*Directions for this task*:
Leave out all pictures. Extract exactly the lines from the one containing "Write one line" through the end of the data.

(Records from a data source)
◇ ◇ ◇
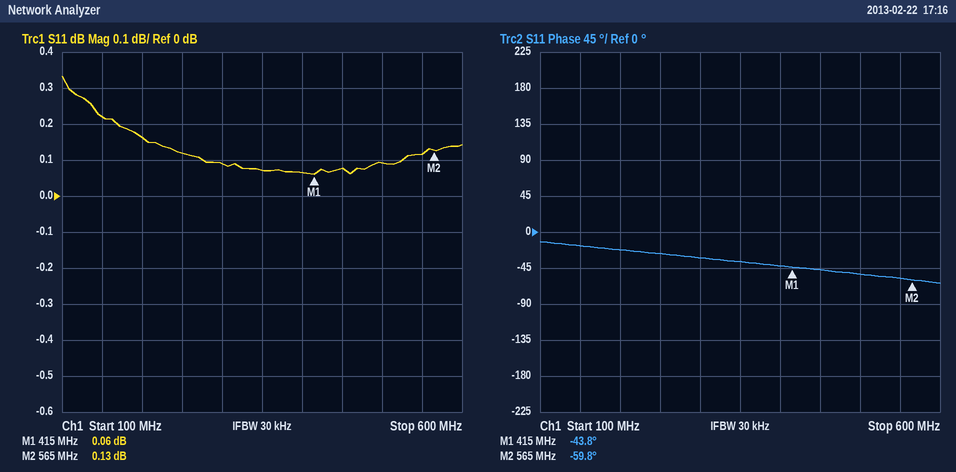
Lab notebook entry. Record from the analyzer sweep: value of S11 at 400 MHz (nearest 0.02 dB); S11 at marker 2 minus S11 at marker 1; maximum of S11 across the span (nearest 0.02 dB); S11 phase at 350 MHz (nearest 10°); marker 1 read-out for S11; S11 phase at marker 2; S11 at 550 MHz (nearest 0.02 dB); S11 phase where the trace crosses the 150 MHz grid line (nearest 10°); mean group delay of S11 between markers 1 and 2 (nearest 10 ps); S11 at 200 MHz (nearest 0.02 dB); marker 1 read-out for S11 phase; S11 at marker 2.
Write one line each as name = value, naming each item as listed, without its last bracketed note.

value of S11 at 400 MHz = 0.06 dB
S11 at marker 2 minus S11 at marker 1 = 0.07 dB
maximum of S11 across the span = 0.34 dB
S11 phase at 350 MHz = -40°
marker 1 read-out for S11 = 0.06 dB
S11 phase at marker 2 = -59.8°
S11 at 550 MHz = 0.12 dB
S11 phase where the trace crosses the 150 MHz grid line = -20°
mean group delay of S11 between markers 1 and 2 = 300 ps
S11 at 200 MHz = 0.16 dB
marker 1 read-out for S11 phase = -43.8°
S11 at marker 2 = 0.13 dB
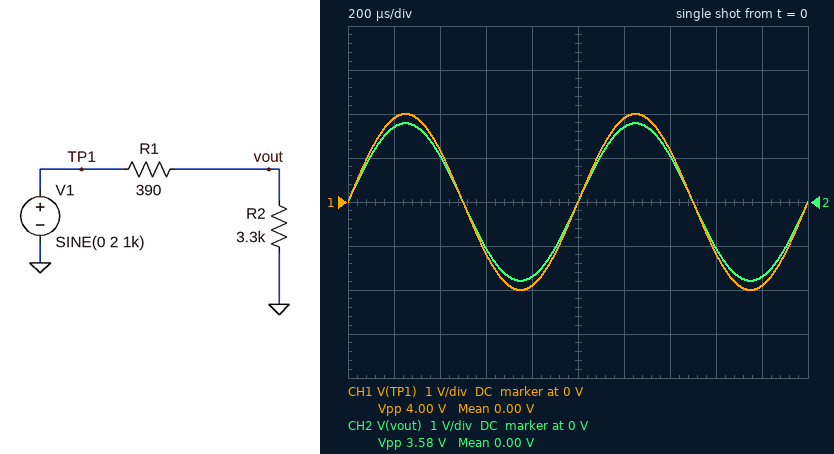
◇ ◇ ◇
*Your response*:
Write one line each as name = value, naming each item as listed, without its last bracketed note.

value of S11 at 400 MHz = 0.06 dB
S11 at marker 2 minus S11 at marker 1 = 0.07 dB
maximum of S11 across the span = 0.34 dB
S11 phase at 350 MHz = -40°
marker 1 read-out for S11 = 0.06 dB
S11 phase at marker 2 = -59.8°
S11 at 550 MHz = 0.12 dB
S11 phase where the trace crosses the 150 MHz grid line = -20°
mean group delay of S11 between markers 1 and 2 = 300 ps
S11 at 200 MHz = 0.16 dB
marker 1 read-out for S11 phase = -43.8°
S11 at marker 2 = 0.13 dB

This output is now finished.